The United States, a top food aid provider to North Korea in the past, said it is watching the situation closely but made it clear that it will not resume aid "without a thorough assessment of actual needs and adequate program management."

Washington suspended food handouts to the impoverished North in 2009 after Pyongyang expelled its aid monitors who were there to make sure the food gets to the children, nursing mothers, and elderly who most needed it.

The communist government is suspected of diverting foreign assistance to support its huge military force. There were also reports of food aid redistributed as gifts for elites or resold at a steep profit to vendors in markets.

U.S. Republican lawmaker Ileana Ros-Lehtinen, who heads the House of Representatives Foreign Affairs Committee, said she has "grave concerns" about North Korea's intentions in the food request.

Referring to the 100th anniversary next year of the birth of Kim Jong Il's father, she said "there is the danger that aid provided would be diverted for this spectacle."

Ros-Lehtinen, who chaired a congressional hearing on North Korea on Thursday, also called for an accounting of how North Korea distributed previous U.S. food aid left over when the regime booted out nongovernmental organizations two years ago.

But senior Democratic legislator Howard Berman said every effort should be made to provide humanitarian assistance and food aid to the North Korean people on condition that "adequate monitoring" is allowed to ensure that such aid is not diverted or misused.

Resume food aid

Victor Cha, a former White House Asia expert, said U.S. President Barack Obama's administration should consider resuming food aid if Washington obtains access for monitoring terms as good as or better than the ones expelled in 2008, and after close consultations with Seoul.

"Bags of rice floating around North Korea with the American flag and written Korean saying 'Gift of the American people' cannot be bad," he said.

Historically, Cha said, food assistance to North Korea has opened a path back to larger diplomacy, which was critical to containing the unpredictable regime's nuclear weapons program.

"Restarting food aid may sound like the same old storyrewarding bad behavior that will only elicit more bad behavior.
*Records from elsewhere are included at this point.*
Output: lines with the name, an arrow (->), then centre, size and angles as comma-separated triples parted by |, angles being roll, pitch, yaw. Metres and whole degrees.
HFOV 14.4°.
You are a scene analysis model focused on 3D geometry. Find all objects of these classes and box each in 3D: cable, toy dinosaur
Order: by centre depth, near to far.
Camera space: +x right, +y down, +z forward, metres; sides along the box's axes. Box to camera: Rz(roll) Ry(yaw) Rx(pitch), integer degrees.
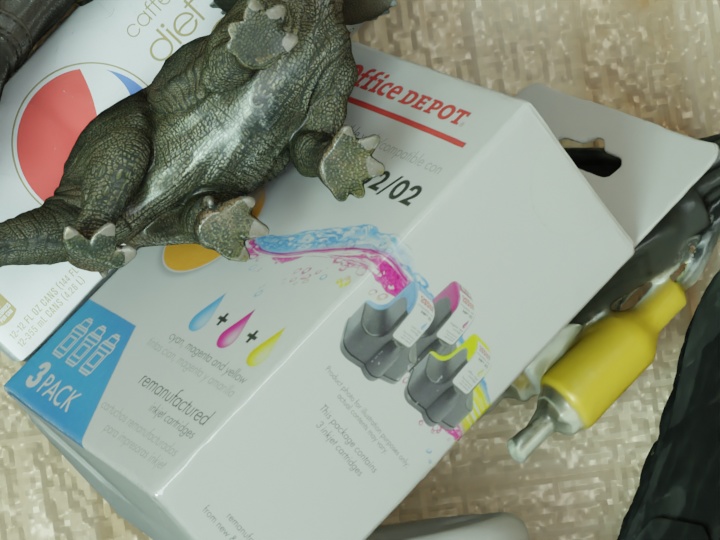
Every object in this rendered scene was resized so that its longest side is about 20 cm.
toy dinosaur -> -0.048, -0.039, 0.853 | 0.077, 0.102, 0.200 | 39, 96, -14
cable -> 0.109, -0.020, 0.940 | 0.200, 0.050, 0.097 | -29, 54, -7

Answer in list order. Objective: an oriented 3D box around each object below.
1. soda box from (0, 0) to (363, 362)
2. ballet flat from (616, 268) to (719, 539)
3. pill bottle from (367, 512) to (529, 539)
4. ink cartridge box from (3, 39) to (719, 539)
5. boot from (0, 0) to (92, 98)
soda box -> -0.063, -0.063, 0.925 | 0.068, 0.064, 0.200 | 43, 86, 0
ballet flat -> 0.134, 0.050, 0.944 | 0.066, 0.057, 0.201 | 23, 81, 28
pill bottle -> 0.014, 0.183, 0.892 | 0.113, 0.114, 0.201 | -10, 88, -3
ink cartridge box -> 0.000, 0.000, 0.870 | 0.200, 0.115, 0.068 | -46, 121, -12
boot -> -0.140, -0.085, 0.905 | 0.174, 0.200, 0.069 | -57, 130, -27

The alternative is to do nothing on nuclear diplomacy or human rights, which is good posturing."

"But it will buy you a runaway nuclear program with rampant proliferation potential."

Some conservatives in South Korea are already suggesting that South Korea also go nuclear or are calling for the United States to reinsert tactical nuclear weapons into the country.

"This hardly seems like a good alternative," Cha said.